▸ **Action item**
Output every record below precisely as it is written.

▸ **Given information**
┄┄┄┄┄┄┄┄┄┄┄┄┄┄┄┄┄┄┄┄
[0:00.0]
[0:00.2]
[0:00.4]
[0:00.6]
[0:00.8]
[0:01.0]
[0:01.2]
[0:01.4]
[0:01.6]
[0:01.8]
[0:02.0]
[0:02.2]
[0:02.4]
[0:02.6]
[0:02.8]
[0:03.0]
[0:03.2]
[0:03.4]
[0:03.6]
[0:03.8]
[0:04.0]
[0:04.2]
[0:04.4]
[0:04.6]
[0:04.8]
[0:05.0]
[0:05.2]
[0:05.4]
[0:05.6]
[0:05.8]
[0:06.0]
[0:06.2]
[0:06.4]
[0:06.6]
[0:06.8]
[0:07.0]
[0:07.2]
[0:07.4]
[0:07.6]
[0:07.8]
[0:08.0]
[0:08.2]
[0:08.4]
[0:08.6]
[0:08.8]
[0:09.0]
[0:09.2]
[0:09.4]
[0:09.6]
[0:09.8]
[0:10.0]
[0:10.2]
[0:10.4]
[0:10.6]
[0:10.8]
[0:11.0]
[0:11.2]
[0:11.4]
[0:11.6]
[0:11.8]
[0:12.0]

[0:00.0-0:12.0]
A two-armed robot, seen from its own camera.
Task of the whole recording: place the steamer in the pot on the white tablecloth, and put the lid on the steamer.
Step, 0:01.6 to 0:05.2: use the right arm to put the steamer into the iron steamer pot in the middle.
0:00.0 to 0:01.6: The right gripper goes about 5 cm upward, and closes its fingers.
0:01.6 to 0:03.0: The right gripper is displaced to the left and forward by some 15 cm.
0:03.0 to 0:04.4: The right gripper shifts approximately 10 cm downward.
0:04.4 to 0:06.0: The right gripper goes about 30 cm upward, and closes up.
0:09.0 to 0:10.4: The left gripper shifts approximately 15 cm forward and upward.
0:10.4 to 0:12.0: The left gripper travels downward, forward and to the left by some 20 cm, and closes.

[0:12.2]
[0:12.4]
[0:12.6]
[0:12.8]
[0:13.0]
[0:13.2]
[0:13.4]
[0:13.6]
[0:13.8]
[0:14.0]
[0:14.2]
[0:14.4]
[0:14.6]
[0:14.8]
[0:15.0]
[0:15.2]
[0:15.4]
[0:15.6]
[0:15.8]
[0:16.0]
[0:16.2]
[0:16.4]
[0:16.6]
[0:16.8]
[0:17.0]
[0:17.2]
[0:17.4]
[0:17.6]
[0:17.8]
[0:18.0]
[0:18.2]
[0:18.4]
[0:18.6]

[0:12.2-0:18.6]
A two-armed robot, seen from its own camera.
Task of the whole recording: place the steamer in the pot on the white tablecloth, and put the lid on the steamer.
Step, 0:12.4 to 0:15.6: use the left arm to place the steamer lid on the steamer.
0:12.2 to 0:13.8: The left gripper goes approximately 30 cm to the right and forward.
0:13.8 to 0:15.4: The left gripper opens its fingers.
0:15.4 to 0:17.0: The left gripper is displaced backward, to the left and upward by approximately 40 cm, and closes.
┄┄┄┄┄┄┄┄┄┄┄┄┄┄┄┄┄┄┄┄
▸ **Result below**
[0:00.0]
[0:00.2]
[0:00.4]
[0:00.6]
[0:00.8]
[0:01.0]
[0:01.2]
[0:01.4]
[0:01.6]
[0:01.8]
[0:02.0]
[0:02.2]
[0:02.4]
[0:02.6]
[0:02.8]
[0:03.0]
[0:03.2]
[0:03.4]
[0:03.6]
[0:03.8]
[0:04.0]
[0:04.2]
[0:04.4]
[0:04.6]
[0:04.8]
[0:05.0]
[0:05.2]
[0:05.4]
[0:05.6]
[0:05.8]
[0:06.0]
[0:06.2]
[0:06.4]
[0:06.6]
[0:06.8]
[0:07.0]
[0:07.2]
[0:07.4]
[0:07.6]
[0:07.8]
[0:08.0]
[0:08.2]
[0:08.4]
[0:08.6]
[0:08.8]
[0:09.0]
[0:09.2]
[0:09.4]
[0:09.6]
[0:09.8]
[0:10.0]
[0:10.2]
[0:10.4]
[0:10.6]
[0:10.8]
[0:11.0]
[0:11.2]
[0:11.4]
[0:11.6]
[0:11.8]
[0:12.0]

[0:00.0-0:12.0]
A two-armed robot, seen from its own camera.
Task of the whole recording: place the steamer in the pot on the white tablecloth, and put the lid on the steamer.
Step, 0:01.6 to 0:05.2: use the right arm to put the steamer into the iron steamer pot in the middle.
0:00.0 to 0:01.6: The right gripper goes about 5 cm upward, and closes its fingers.
0:01.6 to 0:03.0: The right gripper is displaced to the left and forward by some 15 cm.
0:03.0 to 0:04.4: The right gripper shifts approximately 10 cm downward.
0:04.4 to 0:06.0: The right gripper goes about 30 cm upward, and closes up.
0:09.0 to 0:10.4: The left gripper shifts approximately 15 cm forward and upward.
0:10.4 to 0:12.0: The left gripper travels downward, forward and to the left by some 20 cm, and closes.

[0:12.2]
[0:12.4]
[0:12.6]
[0:12.8]
[0:13.0]
[0:13.2]
[0:13.4]
[0:13.6]
[0:13.8]
[0:14.0]
[0:14.2]
[0:14.4]
[0:14.6]
[0:14.8]
[0:15.0]
[0:15.2]
[0:15.4]
[0:15.6]
[0:15.8]
[0:16.0]
[0:16.2]
[0:16.4]
[0:16.6]
[0:16.8]
[0:17.0]
[0:17.2]
[0:17.4]
[0:17.6]
[0:17.8]
[0:18.0]
[0:18.2]
[0:18.4]
[0:18.6]

[0:12.2-0:18.6]
A two-armed robot, seen from its own camera.
Task of the whole recording: place the steamer in the pot on the white tablecloth, and put the lid on the steamer.
Step, 0:12.4 to 0:15.6: use the left arm to place the steamer lid on the steamer.
0:12.2 to 0:13.8: The left gripper goes approximately 30 cm to the right and forward.
0:13.8 to 0:15.4: The left gripper opens its fingers.
0:15.4 to 0:17.0: The left gripper is displaced backward, to the left and upward by approximately 40 cm, and closes.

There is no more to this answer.